Re: [RFC PATCH] mm: bail out from psi memstall when cond_resched

From: Peter Zijlstra
Date: Thu Nov 19 2020 - 07:56:43 EST


On Wed, Nov 18, 2020 at 11:22:56AM +0800, Zhaoyang Huang wrote:
> Memory reclaiming will run as several seconds in memory constraint system, which
> will be deemed as heavy memstall.
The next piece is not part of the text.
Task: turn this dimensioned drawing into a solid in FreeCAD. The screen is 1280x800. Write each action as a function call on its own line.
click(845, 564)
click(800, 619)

Have the memory reclaim be more presiced by
> bailing out when cond_resched

How is this supposed to work on PREEMPT=y where cond_resched() is a NOP
and you can get preempted at any random point?
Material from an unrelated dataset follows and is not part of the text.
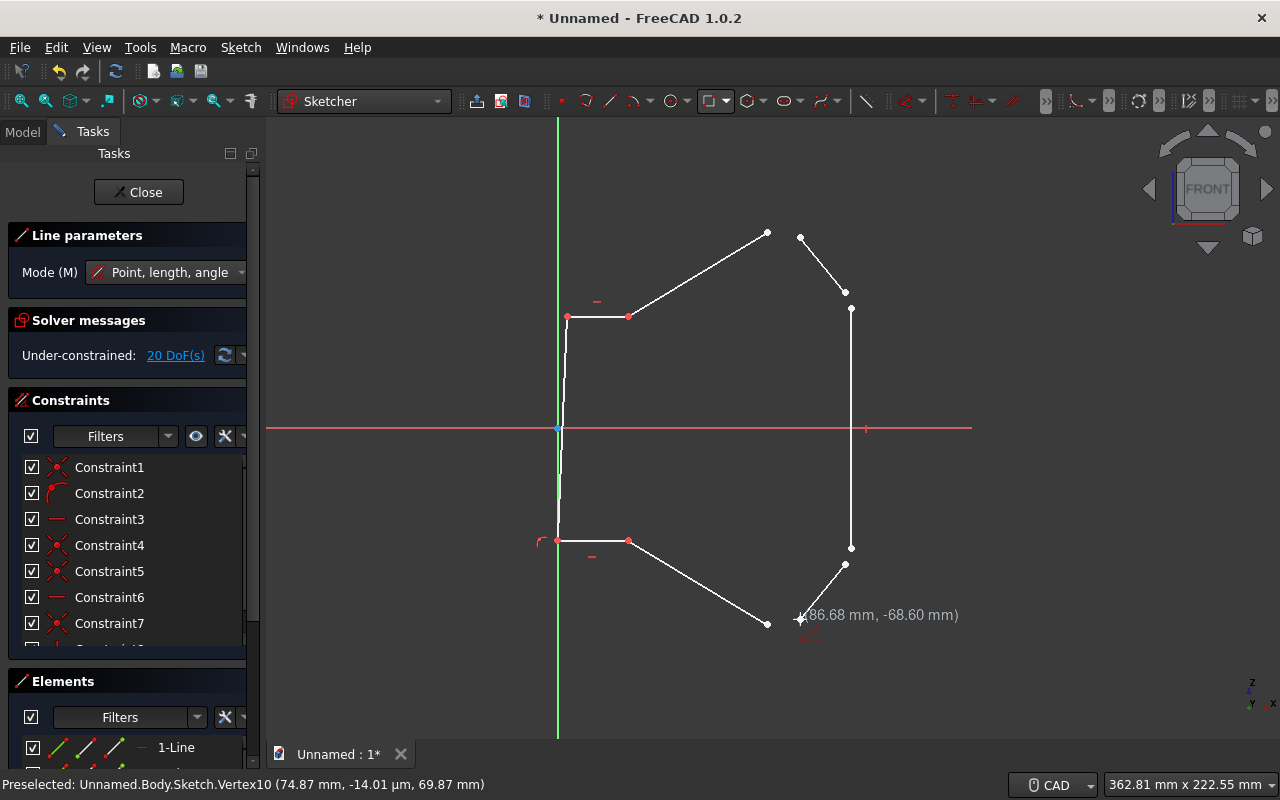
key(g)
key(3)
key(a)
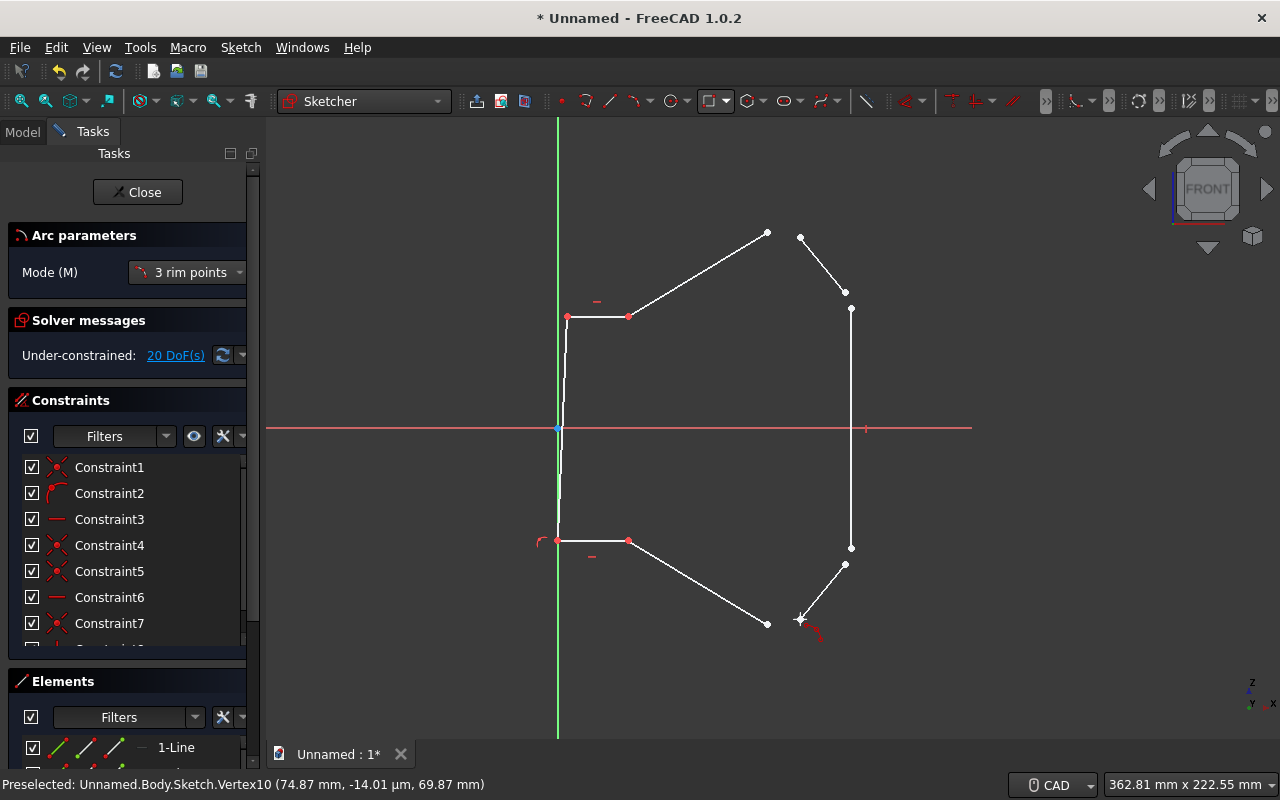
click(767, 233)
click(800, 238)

(leaving the rest for Johannes)

> Signed-off-by: Zhaoyang Huang <zhaoyang.huang@xxxxxxxxxx>
> ---
> mm/vmscan.c | 23 ++++++++++++++++-------
> 1 file changed, 16 insertions(+), 7 deletions(-)
>
> diff --git a/mm/vmscan.c b/mm/vmscan.c
> index a815f73..a083c85 100644
> --- a/mm/vmscan.c
> +++ b/mm/vmscan.c
> @@ -316,6 +316,15 @@ static inline bool memcg_congested(struct pglist_data *pgdat,
> }
> #endif
>
> +static inline void psi_cond_resched(void)
> +{
> + unsigned long *flags;
> +
> + if (current->flags & PF_MEMSTALL)
> + psi_memstall_leave(&flags);
> + cond_resched();
> + psi_memstall_enter(&flags);
> +}
> /*
> * This misses isolated pages which are not accounted for to save counters.
> * As the data only determines if reclaim or compaction continues, it is
> @@ -557,7 +566,7 @@ static unsigned long do_shrink_slab(struct shrink_control *shrinkctl,
> total_scan -= shrinkctl->nr_scanned;
> scanned += shrinkctl->nr_scanned;
>
> - cond_resched();
> + psi_cond_resched();
> }
>
> if (next_deferred >= scanned)
> @@ -714,7 +723,7 @@ static unsigned long shrink_slab(gfp_t gfp_mask, int nid,
>
> up_read(&shrinker_rwsem);
> out:
> - cond_resched();
> + psi_cond_resched();
> return freed;
> }
>
> @@ -1109,7 +1118,7 @@ static unsigned long shrink_page_list(struct list_head *page_list,
> unsigned nr_reclaimed = 0;
>
> memset(stat, 0, sizeof(*stat));
> - cond_resched();
> + psi_cond_resched();
>
> while (!list_empty(page_list)) {
> struct address_space *mapping;
> @@ -1118,7 +1127,7 @@ static unsigned long shrink_page_list(struct list_head *page_list,
> enum page_references references = PAGEREF_RECLAIM_CLEAN;
> bool dirty, writeback;
>
> - cond_resched();
> + psi_cond_resched();
>
> page = lru_to_page(page_list);
> list_del(&page->lru);
> @@ -2084,7 +2093,7 @@ static void shrink_active_list(unsigned long nr_to_scan,
> spin_unlock_irq(&pgdat->lru_lock);
>
> while (!list_empty(&l_hold)) {
> - cond_resched();
> + psi_cond_resched();
> page = lru_to_page(&l_hold);
> list_del(&page->lru);
>
> @@ -2500,7 +2509,7 @@ static void shrink_node_memcg(struct pglist_data *pgdat, struct mem_cgroup *memc
> }
> }
>
> - cond_resched();
> + psi_cond_resched();
>
> if (nr_reclaimed < nr_to_reclaim || scan_adjusted)
> continue;
> @@ -4149,7 +4158,7 @@ static int __node_reclaim(struct pglist_data *pgdat, gfp_t gfp_mask, unsigned in
> .reclaim_idx = gfp_zone(gfp_mask),
> };
>
> - cond_resched();
> + psi_cond_resched();
> fs_reclaim_acquire(sc.gfp_mask);
> /*
> * We need to be able to allocate from the reserves for RECLAIM_UNMAP
> --
> 1.9.1
>